Mixed Ionic-Electronic Conduction Enables Halide-Perovskite Electroluminescent Photodetector

Light emission and detection are the two fundamental features of optoelectronic communication systems. Until now, both functions have been realized with a p-n diode, which is used in a wide range of applications. However, due to the competing dynamics of carrier injection and photocarrier collection, in such devices, electroluminescence and photodetection are realized separately by switching the direction of the applied electrical bias. Here, mobile ions in halide perovskites are benefited from to demonstrate electroluminescence and photodetection simultaneously, without switching the direction of the applied electrical bias. The electroluminescent photodetector consists of a CsPbBr3 microwire integrated with electrodes made of a single-walled carbon nanotube thin film, providing Schottky barriers at the interfaces.
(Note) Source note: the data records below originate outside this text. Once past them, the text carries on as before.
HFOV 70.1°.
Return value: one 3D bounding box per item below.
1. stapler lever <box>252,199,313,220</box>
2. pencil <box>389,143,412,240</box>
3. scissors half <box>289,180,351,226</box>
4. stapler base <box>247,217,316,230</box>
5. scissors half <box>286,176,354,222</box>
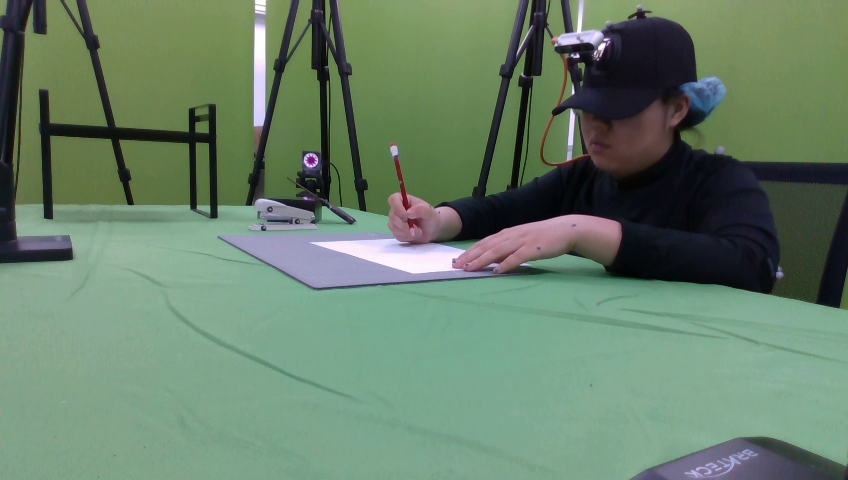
[{"bbox_3d":[-0.273,-0.058,1.170,0.119,0.040,0.026,0,10,-37],"label":"stapler lever"},{"bbox_3d":[-0.037,-0.081,0.985,0.012,0.193,0.012,-10,-29,-5],"label":"pencil"},{"bbox_3d":[-0.232,-0.085,1.317,0.175,0.013,0.040,38,20,4],"label":"scissors half"},{"bbox_3d":[-0.276,-0.033,1.172,0.131,0.024,0.041,0,10,-37],"label":"stapler base"},{"bbox_3d":[-0.229,-0.091,1.336,0.175,0.013,0.040,33,15,-13],"label":"scissors half"}]

The dual functionality stems from the modulation of these barriers by mobile ions in cooperation with photogenerated charge carriers. Furthermore, such complex charge dynamics additionally result in a novel effect: light-enhanced electroluminescence. The new optoelectronic phenomena demonstrated in the simple lateral device design will expand the applications of mixed ionic-electronic conductors toward cheap and efficient multifunctional optoelectronic devices able to simultaneously generate and receive optical data.